A cytometric study of the red blood cells in Gaucher disease reveals their abnormal shape that may be involved in increased erythrophagocytosis.

Background: Gaucher disease is a sphingolipidosis caused by a deficiency of the enzyme glucocerebrosidase. Macrophages transform into pathogenic Gaucher cells following the phagocytosis of red blood cells (RBCs) and subsequent accumulation of glucosylceramide. Enhanced erythrophagocytosis is one feature of the disease indicating abnormal macrophage-RBC interactions. We hypothesized that the erythrophagocytosis observed in Gaucher disease may be at least partly due to abnormalities in the RBCs themselves.

Methods: To investigate this hypothesis, we used flow cytometry FSC/SSC to study RBCs sampled from seven patients with Gaucher disease in terms of their shape and the expression of markers of senescence and phagocytosis. Cells from two of the seven patients were evaluated before and 9 months after the start of enzyme-replacement therapy.
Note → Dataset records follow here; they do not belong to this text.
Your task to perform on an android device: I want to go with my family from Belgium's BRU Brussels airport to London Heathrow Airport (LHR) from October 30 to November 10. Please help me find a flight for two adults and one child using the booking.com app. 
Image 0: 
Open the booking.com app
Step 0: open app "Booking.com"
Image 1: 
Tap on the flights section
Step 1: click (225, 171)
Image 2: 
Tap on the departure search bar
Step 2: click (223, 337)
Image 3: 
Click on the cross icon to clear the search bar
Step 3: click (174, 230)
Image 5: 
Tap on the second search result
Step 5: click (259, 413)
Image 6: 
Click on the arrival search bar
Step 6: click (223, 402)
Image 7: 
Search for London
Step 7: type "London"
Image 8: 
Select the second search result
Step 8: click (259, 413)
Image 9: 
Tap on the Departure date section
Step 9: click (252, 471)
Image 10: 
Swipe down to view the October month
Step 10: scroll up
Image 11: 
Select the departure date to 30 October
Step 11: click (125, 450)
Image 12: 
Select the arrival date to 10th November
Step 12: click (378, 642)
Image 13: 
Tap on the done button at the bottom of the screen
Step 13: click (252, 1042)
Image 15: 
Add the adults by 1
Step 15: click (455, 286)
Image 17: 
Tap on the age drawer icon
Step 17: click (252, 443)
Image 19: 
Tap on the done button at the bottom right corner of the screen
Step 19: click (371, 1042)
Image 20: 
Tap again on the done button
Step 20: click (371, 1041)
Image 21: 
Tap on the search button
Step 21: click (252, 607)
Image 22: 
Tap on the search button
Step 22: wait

Results: Untreated patients were found to have abnormal flow-cytometry profiles suggesting an alteration of Gaucher RBC morphology. Scanning electron microscopy confirmed this finding by revealing many abnormally shaped RBCs. Whereas there was no evidence of desialylation of membrane glycoconjugates or phosphatidylserine exposure, RBC viability (calcein-AM test) and CD47 expression were reduced. These anomalies found in RBCs sampled from two patients before treatment, were no longer present after a 9 month-long enzyme-replacement therapy.

Conclusions: We report on previously overlooked alterations of Gaucher RBCs that may facilitate erythrophagocytosis in untreated patients. Their potential role in the anemia, the excess of aggregation and rheological anomalies associated with Gaucher disease must now be addressed. RBC anomalies may take part in the abnormal crosstalk between RBCs and macrophages leading to the accumulation of Gaucher cells.